We are not a storage facility

16. Documentation - Navigation
If your samples have any ambiguities or complexities, make maps or drawings beforehand, showing orientations (e.g., North arrow) and regions of interest.
It is difficult to find a 100 micron grain in a micron forest without landmarks.
We now can scan mounts, import the images to the Probe for EPMA software, “register” the image with actual stage coordinates, and then click on the image to move to that area.

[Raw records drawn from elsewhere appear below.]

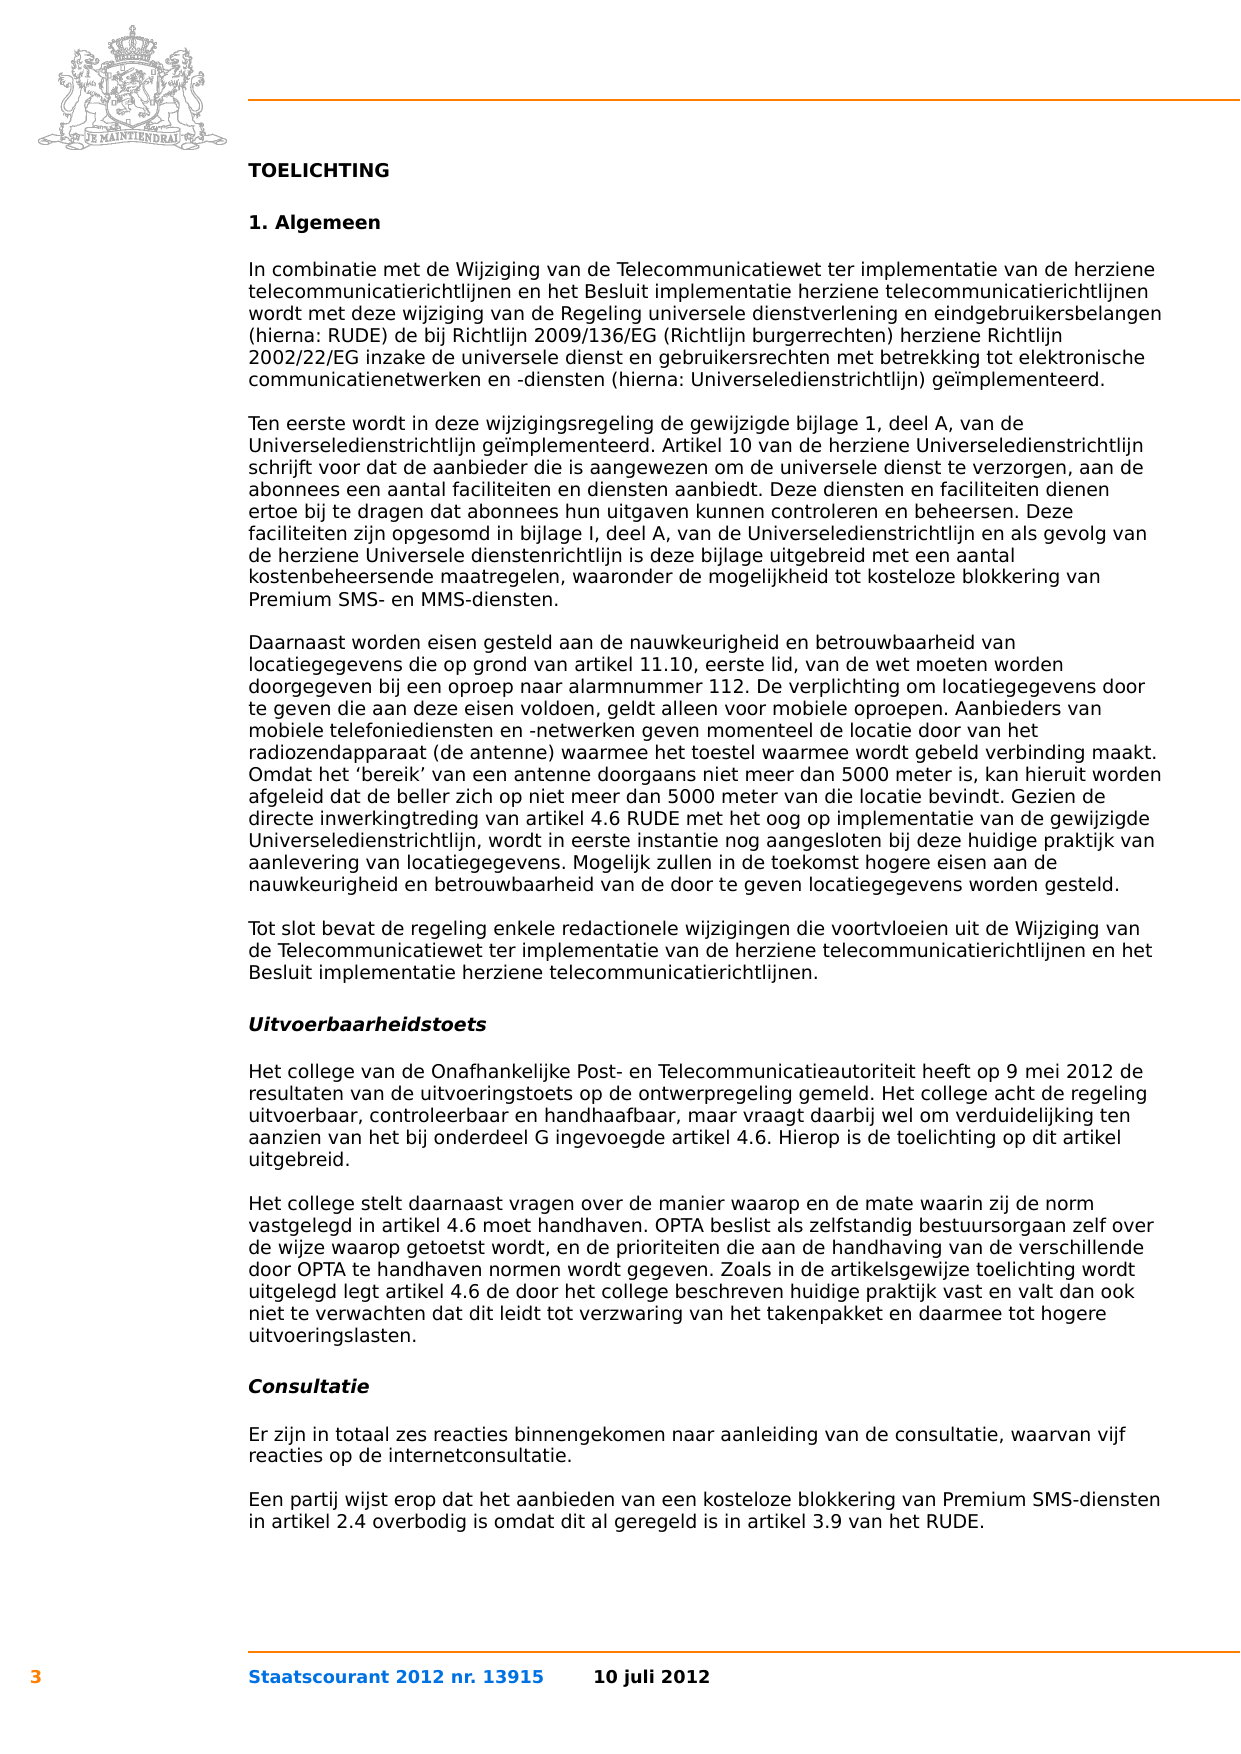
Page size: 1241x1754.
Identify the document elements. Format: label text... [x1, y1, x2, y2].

picture [38, 25, 227, 150]
text Het college stelt daarnaast vragen over de manier waarop en de mate waarin zij de norm vastgelegd in artikel 4.6 moet handhaven. OPTA beslist als zelfstandig bestuursorgaan zelf over de wijze waarop getoetst wordt, en de prioriteiten die aan de handhaving van de verschillende door OPTA te handhaven normen wordt gegeven. Zoals in de artikelsgewijze toelichting wordt uitgelegd legt artikel 4.6 de door het college beschreven huidige praktijk vast en valt dan ook niet te verwachten dat dit leidt tot verzwaring van het takenpakket en daarmee tot hogere uitvoeringslasten. [248, 1193, 1163, 1346]
text Er zijn in totaal zes reacties binnengekomen naar aanleiding van de consultatie, waarvan vijf reacties op de internetconsultatie. [248, 1423, 1163, 1467]
subtitle TOELICHTING [248, 160, 1163, 182]
subtitle Consultatie [248, 1376, 1163, 1398]
subtitle Uitvoerbaarheidstoets [248, 1014, 1163, 1036]
text Tot slot bevat de regeling enkele redactionele wijzigingen die voortvloeien uit de Wijziging van de Telecommunicatiewet ter implementatie van de herziene telecommunicatierichtlijnen en het Besluit implementatie herziene telecommunicatierichtlijnen. [248, 918, 1163, 984]
subtitle 1. Algemeen [248, 212, 1163, 234]
text In combinatie met de Wijziging van de Telecommunicatiewet ter implementatie van de herziene telecommunicatierichtlijnen en het Besluit implementatie herziene telecommunicatierichtlijnen wordt met deze wijziging van de Regeling universele dienstverlening en eindgebruikersbelangen (hierna: RUDE) de bij Richtlijn 2009/136/EG (Richtlijn burgerrechten) herziene Richtlijn 2002/22/EG inzake de universele dienst en gebruikersrechten met betrekking tot elektronische communicatienetwerken en -diensten (hierna: Universeledienstrichtlijn) geïmplementeerd. [248, 259, 1163, 391]
text Ten eerste wordt in deze wijzigingsregeling de gewijzigde bijlage 1, deel A, van de Universeledienstrichtlijn geïmplementeerd. Artikel 10 van de herziene Universeledienstrichtlijn schrijft voor dat de aanbieder die is aangewezen om de universele dienst te verzorgen, aan de abonnees een aantal faciliteiten en diensten aanbiedt. Deze diensten en faciliteiten dienen ertoe bij te dragen dat abonnees hun uitgaven kunnen controleren en beheersen. Deze faciliteiten zijn opgesomd in bijlage I, deel A, van de Universeledienstrichtlijn en als gevolg van de herziene Universele dienstenrichtlijn is deze bijlage uitgebreid met een aantal kostenbeheersende maatregelen, waaronder de mogelijkheid tot kosteloze blokkering van Premium SMS- en MMS-diensten. [248, 413, 1163, 610]
text Het college van de Onafhankelijke Post- en Telecommunicatieautoriteit heeft op 9 mei 2012 de resultaten van de uitvoeringstoets op de ontwerpregeling gemeld. Het college acht de regeling uitvoerbaar, controleerbaar en handhaafbaar, maar vraagt daarbij wel om verduidelijking ten aanzien van het bij onderdeel G ingevoegde artikel 4.6. Hierop is de toelichting op dit artikel uitgebreid. [248, 1061, 1163, 1171]
text Daarnaast worden eisen gesteld aan de nauwkeurigheid en betrouwbaarheid van locatiegegevens die op grond van artikel 11.10, eerste lid, van de wet moeten worden doorgegeven bij een oproep naar alarmnummer 112. De verplichting om locatiegegevens door te geven die aan deze eisen voldoen, geldt alleen voor mobiele oproepen. Aanbieders van mobiele telefoniediensten en -netwerken geven momenteel de locatie door van het radiozendapparaat (de antenne) waarmee het toestel waarmee wordt gebeld verbinding maakt. Omdat het ‘bereik’ van een antenne doorgaans niet meer dan 5000 meter is, kan hieruit worden afgeleid dat de beller zich op niet meer dan 5000 meter van die locatie bevindt. Gezien de directe inwerkingtreding van artikel 4.6 RUDE met het oog op implementatie van de gewijzigde Universeledienstrichtlijn, wordt in eerste instantie nog aangesloten bij deze huidige praktijk van aanlevering van locatiegegevens. Mogelijk zullen in de toekomst hogere eisen aan de nauwkeurigheid en betrouwbaarheid van de door te geven locatiegegevens worden gesteld. [248, 632, 1163, 896]
text Een partij wijst erop dat het aanbieden van een kosteloze blokkering van Premium SMS-diensten in artikel 2.4 overbodig is omdat dit al geregeld is in artikel 3.9 van het RUDE. [248, 1489, 1163, 1533]
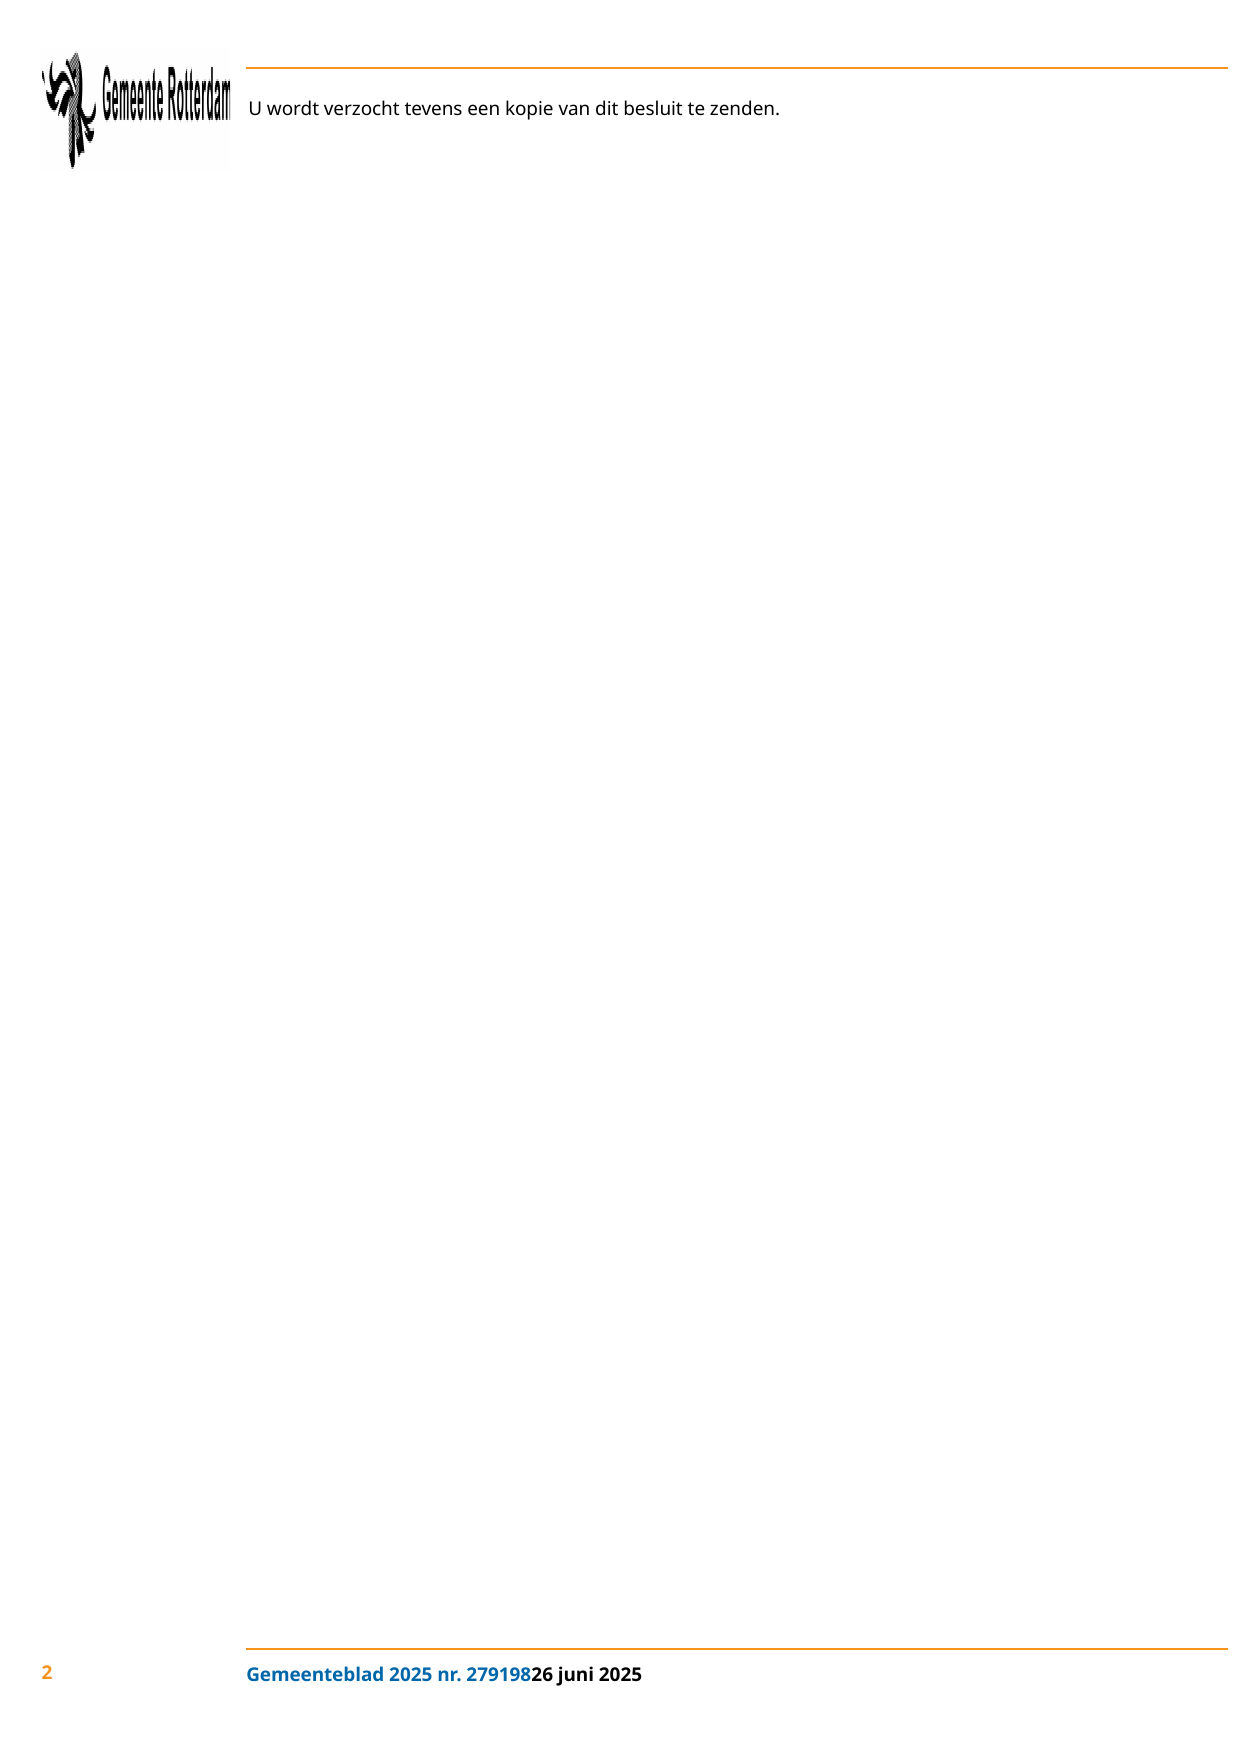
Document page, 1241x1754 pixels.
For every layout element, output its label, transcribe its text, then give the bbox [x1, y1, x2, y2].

text U wordt verzocht tevens een kopie van dit besluit te zenden. [248, 95, 1152, 121]
picture [41, 47, 231, 172]

17. How do I get my EPMA reports
You must bring a USB key to every session in the EPMA.
DO NOT INSERT YOUR USB INTO THE PROBE’S COMPUTER!
You cannot directly remove your data from the probe. Only insert your USB into the second computer console in the lab which is intended for data reduction.
We will NOT send you your data electronically.
There is some data reduction processes that you can only perform on the second computer console in the lab.
It is your responsibility to retrieve and process your data.

18. Probe Calibration
If you plan to do quantitative analysis, the elements to be analyzed need to be previously calibrated. You must understand that not all elements are calibrated at any given time.
The calibration process is twofold. There is the primary stage which the probe operator performs. The calibration process is extensive and must be constantly updated.
The second stage, secondary calibration and matrix correction, is based on your specific samples. This will take place one day before you start your analysis. Please be patient-every individual sample needs a secondary calibration. IT’S NOT JUST YOU!